ASSIGNMENT: Give the entries again exactly. Skip the pictures.

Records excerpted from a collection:
=====
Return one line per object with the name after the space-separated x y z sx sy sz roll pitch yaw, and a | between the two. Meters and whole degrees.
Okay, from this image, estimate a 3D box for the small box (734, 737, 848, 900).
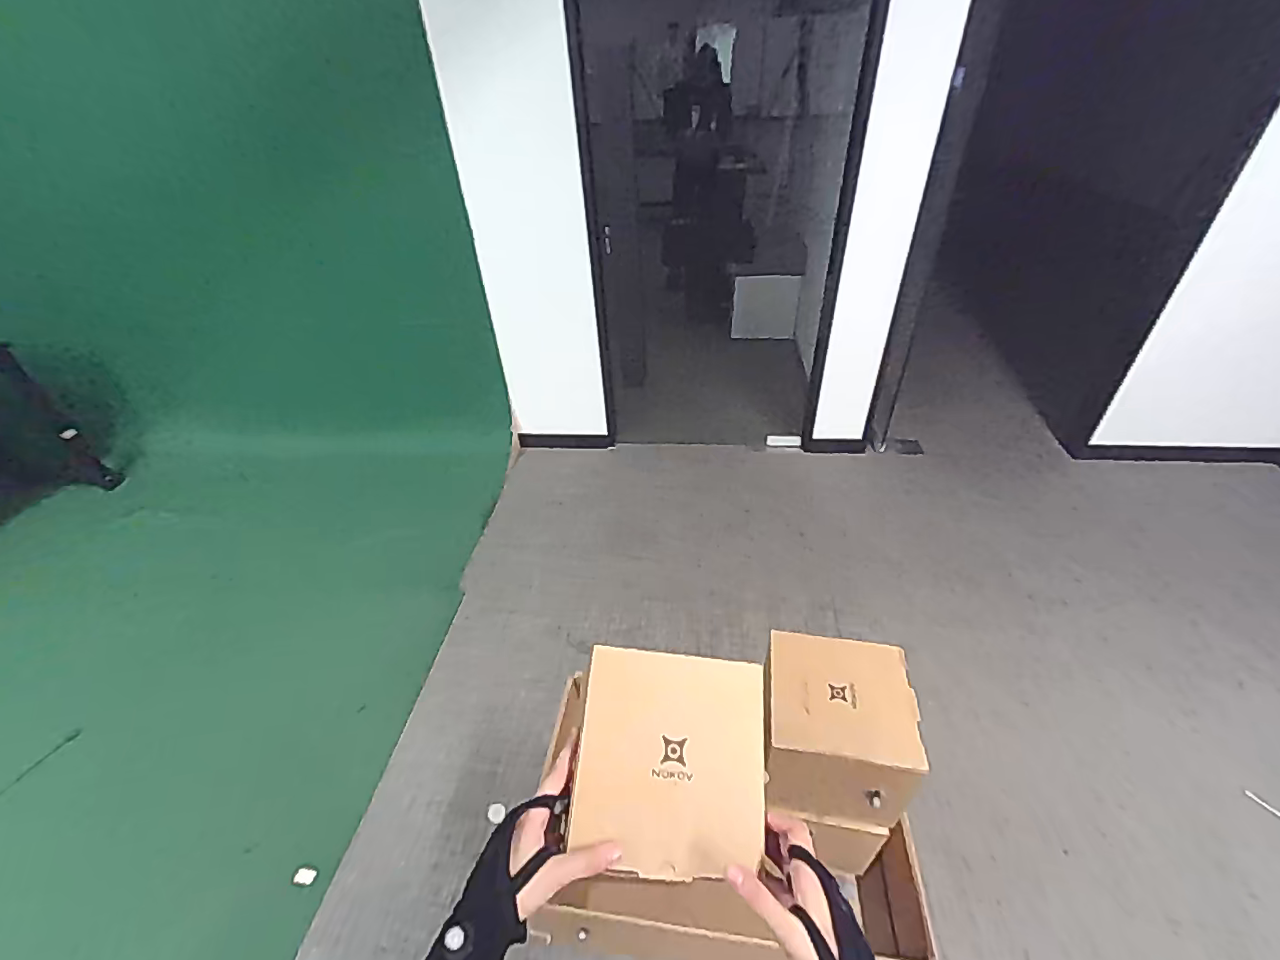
0.251 0.575 0.919 0.168 0.176 0.179 6 40 12 | small box

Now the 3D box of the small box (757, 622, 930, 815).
0.254 0.317 0.718 0.179 0.176 0.168 5 39 11 | small box

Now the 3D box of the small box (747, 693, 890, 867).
0.256 0.450 0.813 0.179 0.176 0.168 5 40 10 | small box
=====
OUTPUT OF THE TASK:
Return one line per object with the name after the space-separated x y z sx sy sz roll pitch yaw, and a | between the two. Meters and whole degrees.
Okay, from this image, estimate a 3D box for the small box (734, 737, 848, 900).
0.251 0.575 0.919 0.168 0.176 0.179 6 40 12 | small box

Now the 3D box of the small box (757, 622, 930, 815).
0.254 0.317 0.718 0.179 0.176 0.168 5 39 11 | small box

Now the 3D box of the small box (747, 693, 890, 867).
0.256 0.450 0.813 0.179 0.176 0.168 5 40 10 | small box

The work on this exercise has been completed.